Pour Xbox Music, son service de musique en ligne destiné à concurrencer iTunes, Spotify ou encore Deezer, le géant américain Microsoft a pour la première fois fait le pari de développer hors des Etats-Unis, à Paris, un produit d’envergure internationale.

Dans les immenses locaux de Microsoft France à Issy-les-Moulineaux, une unité de 200 personnes est entièrement dédiée à Xbox Music, lancé il y a deux mois et disponible dans 35 pays.

“On recense 24 nationalités et 20 langues parlées pour les 200 ingénieurs, développeurs et éditeurs de la division”, résume Jamel Gafsi, responsable du Microsoft Engineering Center de Paris, qui souligne que la majorité des employés sont Français. Les personnes recrutées sont issues de grandes écoles, comme Polytechnique par exemple. “En peu de temps, nous avons réussi à attirer de jeunes grands talents, la moyenne d’âge de l’équipe est de 30-32 ans”, souligne M. Gafsi.

Xbox Music est une plateforme de téléchargement, d’écoute gratuite ou payante de musique, qui propose un catalogue de 30 millions de titres. Le service est disponible depuis la console de jeu Xbox 360 mais également sur les appareils (ordinateurs, tablettes, smartphones) fonctionnant sous système d’exploitation Windows 8 et Windows Phone 8.

Le produit est entièrement développé depuis la France, qui gère également les aspects techniques et commerciaux, comme les négociations avec les ayants droit musicaux des 35 pays couverts. “C’est la première fois que Microsoft fait le pari de lancer et développer ailleurs qu’à Redmond (ville près de Seattle où est basé Microsoft) un produit d’envergure internationale. Nous sommes le plus grand centre en Europe de la division Interactive Entertainment Business (dédiée au divertissement)”, souligne Jamel Gafsi.

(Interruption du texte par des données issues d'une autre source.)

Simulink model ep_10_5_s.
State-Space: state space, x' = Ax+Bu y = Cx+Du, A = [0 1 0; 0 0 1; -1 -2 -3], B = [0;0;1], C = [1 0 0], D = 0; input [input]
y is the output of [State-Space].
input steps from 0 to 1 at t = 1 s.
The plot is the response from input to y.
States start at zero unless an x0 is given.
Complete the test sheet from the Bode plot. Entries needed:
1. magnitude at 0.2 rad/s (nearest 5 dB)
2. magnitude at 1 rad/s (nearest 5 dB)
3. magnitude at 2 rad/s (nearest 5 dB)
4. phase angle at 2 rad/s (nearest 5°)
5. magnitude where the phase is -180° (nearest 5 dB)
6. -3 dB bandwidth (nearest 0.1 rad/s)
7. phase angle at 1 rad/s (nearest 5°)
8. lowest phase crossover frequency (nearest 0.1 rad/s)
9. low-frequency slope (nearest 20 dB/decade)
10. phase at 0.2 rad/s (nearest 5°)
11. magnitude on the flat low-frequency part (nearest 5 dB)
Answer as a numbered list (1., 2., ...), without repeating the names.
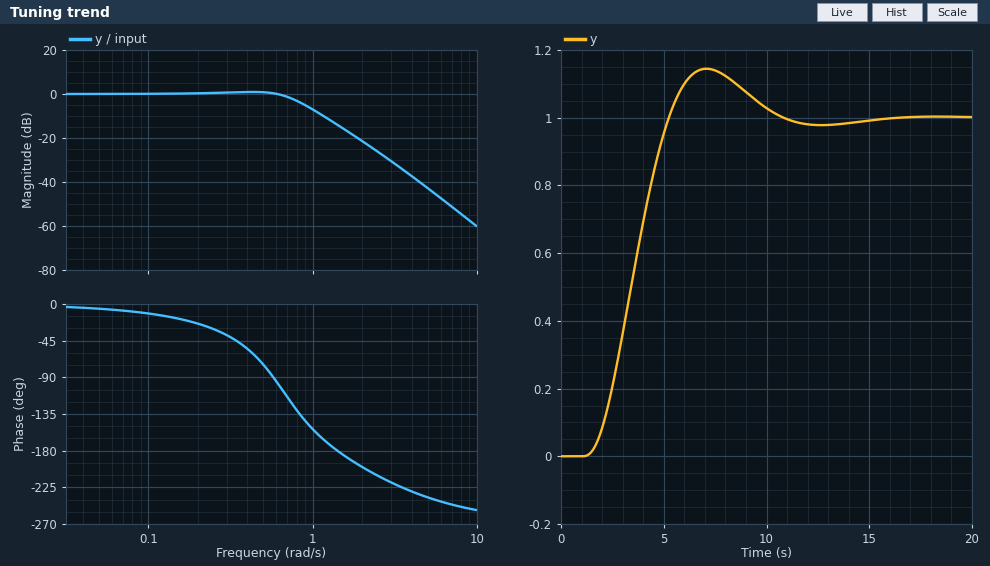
1. 0 dB
2. -5 dB
3. -20 dB
4. -200°
5. -15 dB
6. 0.8 rad/s
7. -155°
8. 1.4 rad/s
9. 0 dB/decade
10. -25°
11. 0 dB
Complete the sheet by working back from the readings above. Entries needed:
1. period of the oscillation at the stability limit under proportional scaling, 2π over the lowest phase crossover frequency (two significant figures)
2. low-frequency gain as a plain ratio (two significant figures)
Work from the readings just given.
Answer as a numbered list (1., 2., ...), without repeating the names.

1. 4.5 s
2. 1.0
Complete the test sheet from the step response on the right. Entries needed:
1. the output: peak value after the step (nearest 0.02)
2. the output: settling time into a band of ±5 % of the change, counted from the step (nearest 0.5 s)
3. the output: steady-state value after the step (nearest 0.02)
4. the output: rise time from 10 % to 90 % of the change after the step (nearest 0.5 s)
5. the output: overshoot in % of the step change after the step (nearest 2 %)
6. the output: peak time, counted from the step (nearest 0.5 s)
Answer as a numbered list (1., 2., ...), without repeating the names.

1. 1.14
2. 8.5 s
3. 1.00
4. 2.5 s
5. 14 %
6. 6.0 s
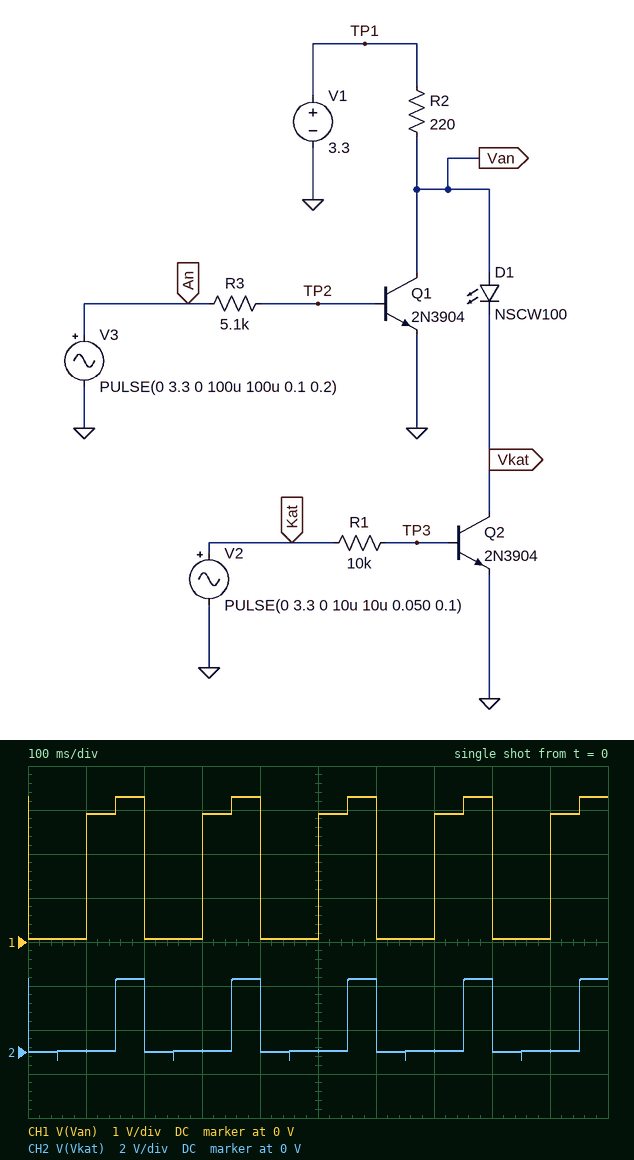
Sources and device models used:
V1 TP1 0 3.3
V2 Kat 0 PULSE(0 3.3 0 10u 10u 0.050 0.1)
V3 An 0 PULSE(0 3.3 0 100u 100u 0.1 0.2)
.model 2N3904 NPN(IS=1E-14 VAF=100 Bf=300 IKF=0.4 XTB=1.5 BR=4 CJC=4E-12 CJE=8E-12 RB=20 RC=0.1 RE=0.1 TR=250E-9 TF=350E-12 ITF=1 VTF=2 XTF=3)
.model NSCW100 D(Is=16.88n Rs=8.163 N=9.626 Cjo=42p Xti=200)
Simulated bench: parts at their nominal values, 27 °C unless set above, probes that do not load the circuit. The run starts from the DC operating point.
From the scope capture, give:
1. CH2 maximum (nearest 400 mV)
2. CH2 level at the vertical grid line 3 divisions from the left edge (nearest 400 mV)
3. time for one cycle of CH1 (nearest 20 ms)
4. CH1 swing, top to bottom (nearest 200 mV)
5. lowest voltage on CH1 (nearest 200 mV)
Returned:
3.2 V
0 V
200 ms
3.2 V
0 V
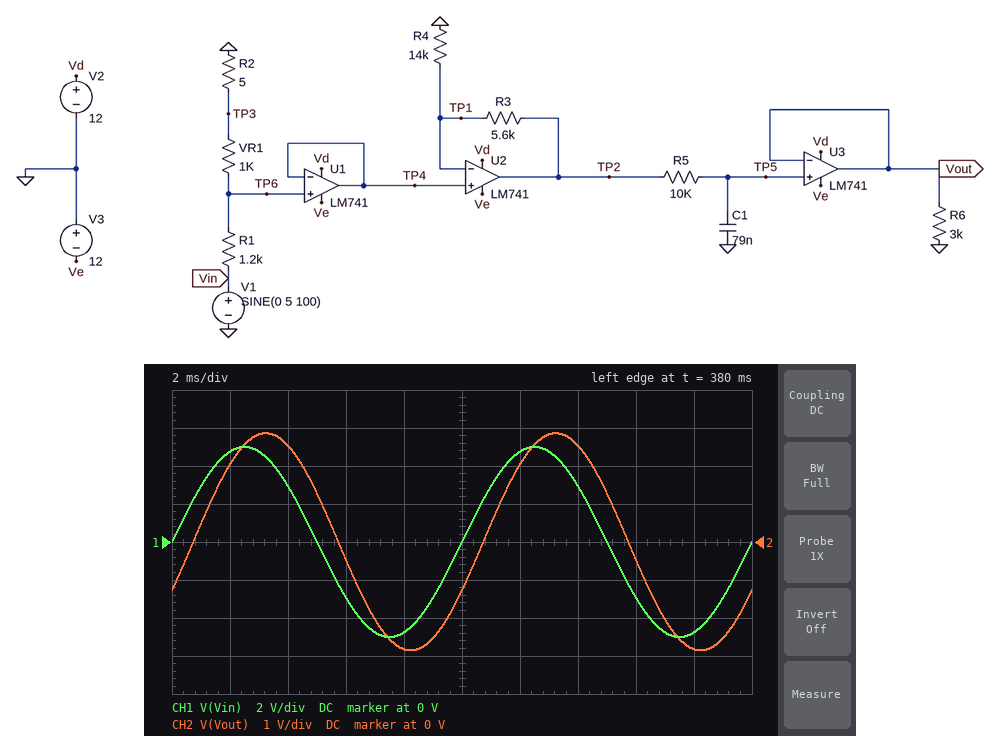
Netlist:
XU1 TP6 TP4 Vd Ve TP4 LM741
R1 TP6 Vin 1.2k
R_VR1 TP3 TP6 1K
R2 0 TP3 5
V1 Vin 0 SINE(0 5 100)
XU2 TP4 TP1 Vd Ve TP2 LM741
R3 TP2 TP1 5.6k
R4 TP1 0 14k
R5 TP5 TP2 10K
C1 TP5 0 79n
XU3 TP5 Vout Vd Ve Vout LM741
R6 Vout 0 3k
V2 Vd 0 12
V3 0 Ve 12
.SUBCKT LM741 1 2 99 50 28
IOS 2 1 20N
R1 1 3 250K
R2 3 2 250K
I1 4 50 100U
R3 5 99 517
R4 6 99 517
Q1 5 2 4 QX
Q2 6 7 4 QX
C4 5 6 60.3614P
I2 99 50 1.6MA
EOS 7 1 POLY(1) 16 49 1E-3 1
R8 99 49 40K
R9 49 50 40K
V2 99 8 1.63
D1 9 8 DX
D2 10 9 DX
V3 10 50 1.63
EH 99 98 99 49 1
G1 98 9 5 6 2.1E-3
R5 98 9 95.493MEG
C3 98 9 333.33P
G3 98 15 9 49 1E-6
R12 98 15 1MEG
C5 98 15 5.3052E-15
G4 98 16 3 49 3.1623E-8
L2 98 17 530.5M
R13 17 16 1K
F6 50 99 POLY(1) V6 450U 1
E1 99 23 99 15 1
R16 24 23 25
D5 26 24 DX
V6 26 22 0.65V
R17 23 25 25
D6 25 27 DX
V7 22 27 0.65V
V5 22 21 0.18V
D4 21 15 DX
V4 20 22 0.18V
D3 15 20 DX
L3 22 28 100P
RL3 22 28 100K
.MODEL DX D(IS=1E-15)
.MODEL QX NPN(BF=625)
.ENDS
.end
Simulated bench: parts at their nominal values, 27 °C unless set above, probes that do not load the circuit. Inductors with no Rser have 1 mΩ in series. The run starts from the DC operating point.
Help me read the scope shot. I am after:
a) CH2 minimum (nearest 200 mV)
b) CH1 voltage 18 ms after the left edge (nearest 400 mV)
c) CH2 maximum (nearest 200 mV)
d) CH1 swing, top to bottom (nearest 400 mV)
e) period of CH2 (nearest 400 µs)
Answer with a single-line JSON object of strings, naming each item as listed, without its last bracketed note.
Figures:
{"CH2 minimum": "-2.8 V", "CH1 voltage 18 ms after the left edge": "-4.8 V", "CH2 maximum": "2.8 V", "CH1 swing, top to bottom": "10.0 V", "period of CH2": "10.0 ms"}
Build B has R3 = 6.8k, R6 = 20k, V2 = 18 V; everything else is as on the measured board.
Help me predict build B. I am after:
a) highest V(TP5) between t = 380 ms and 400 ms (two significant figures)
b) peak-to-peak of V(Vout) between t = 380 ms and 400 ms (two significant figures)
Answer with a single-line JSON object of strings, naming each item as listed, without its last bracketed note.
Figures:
{"highest V(TP5) between t = 380 ms and 400 ms": "3.0 V", "peak-to-peak of V(Vout) between t = 380 ms and 400 ms": "6.1 V"}
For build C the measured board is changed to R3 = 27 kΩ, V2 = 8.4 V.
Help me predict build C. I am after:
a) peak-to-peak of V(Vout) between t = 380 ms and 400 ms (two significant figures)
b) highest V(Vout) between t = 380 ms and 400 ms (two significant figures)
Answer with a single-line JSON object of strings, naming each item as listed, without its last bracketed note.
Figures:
{"peak-to-peak of V(Vout) between t = 380 ms and 400 ms": "12 V", "highest V(Vout) between t = 380 ms and 400 ms": "6.0 V"}
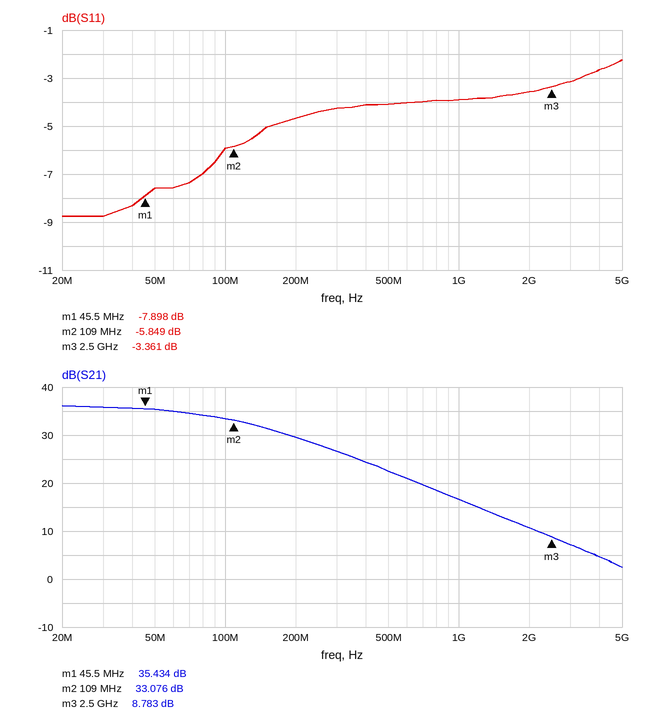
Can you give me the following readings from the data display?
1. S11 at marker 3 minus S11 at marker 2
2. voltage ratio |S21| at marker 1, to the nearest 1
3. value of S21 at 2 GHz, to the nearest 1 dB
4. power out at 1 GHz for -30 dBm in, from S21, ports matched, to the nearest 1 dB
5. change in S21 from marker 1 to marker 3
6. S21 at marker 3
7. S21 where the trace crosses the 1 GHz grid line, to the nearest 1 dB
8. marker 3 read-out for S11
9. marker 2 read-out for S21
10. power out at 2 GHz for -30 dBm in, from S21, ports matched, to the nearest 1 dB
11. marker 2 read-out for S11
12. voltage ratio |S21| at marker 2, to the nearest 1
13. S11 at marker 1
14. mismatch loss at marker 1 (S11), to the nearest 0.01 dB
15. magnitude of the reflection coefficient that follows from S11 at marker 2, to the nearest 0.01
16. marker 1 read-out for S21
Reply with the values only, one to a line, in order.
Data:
2.488 dB
59
11 dB
-13 dBm
-26.651 dB
8.783 dB
17 dB
-3.361 dB
33.076 dB
-19 dBm
-5.849 dB
45
-7.898 dB
0.77 dB
0.51
35.434 dB

“Attirer les talents ailleurs qu’aux USA”

“Bien sûr il y a toujours un risque dans un pari, mais nous avons amplement réussi à prouver que c’était possible, nous sommes une équipe à part entière. Nous avons tous les avantages de l’esprit et de l’agilité d’une start-up, avec les facilités d’un grand groupe établi”, selon lui. “Paris, cela a été un concours de circonstances, il y avait cette volonté de Microsoft de décentraliser des activités d’ “Entertainment” pour avoir de la valeur ajoutée, et pour attirer des talents ailleurs qu’à Redmond”, ajoute-t-il. Mais une telle indépendance a aussi un prix et implique “beaucoup de communication avec le siège, et beaucoup de voyages à Redmond”, admet M. Gafsi.

Un des responsables de son équipe dit ainsi consacrer “une semaine par mois, parfois plus” à des déplacements au siège américain, sans compter les journées décalées en raison des 9 heures d’avance que compte Paris sur Redmond: “Les contacts et le travail avec les Etats-Unis commencent vraiment à 17H”, explique-t-on.

Et si Xbox Music n’a que deux mois d’existence, “en ligne de mire, il y a iTunes comme concurrent à l’international. On n’en est pas encore à les concurrencer, on a nos atouts, ils ont les leurs, c’est un enjeu de quelques années. Il n’y a pas ou Apple ou nous, il y a de la place pour chacun”, estime Jamel Gafsi.

Parmi ses atouts, Microsoft peut en déjà compter sur les 70 millions de consoles Xbox en circulation dans le monde, et le fait que cette dernière n’est plus uniquement dédiée au jeu mais aussi à la vidéo, la musique et la télévision.

“Le consommateur va se connecter de plus en plus autour du poste de télévision, et nous voulons que la Xbox ait une place de choix dans le salon, qu’elle devienne le meilleur endroit pour se divertir et un vrai écosystème entre musique, vidéo et jeux”, résume Jamel Gafsi.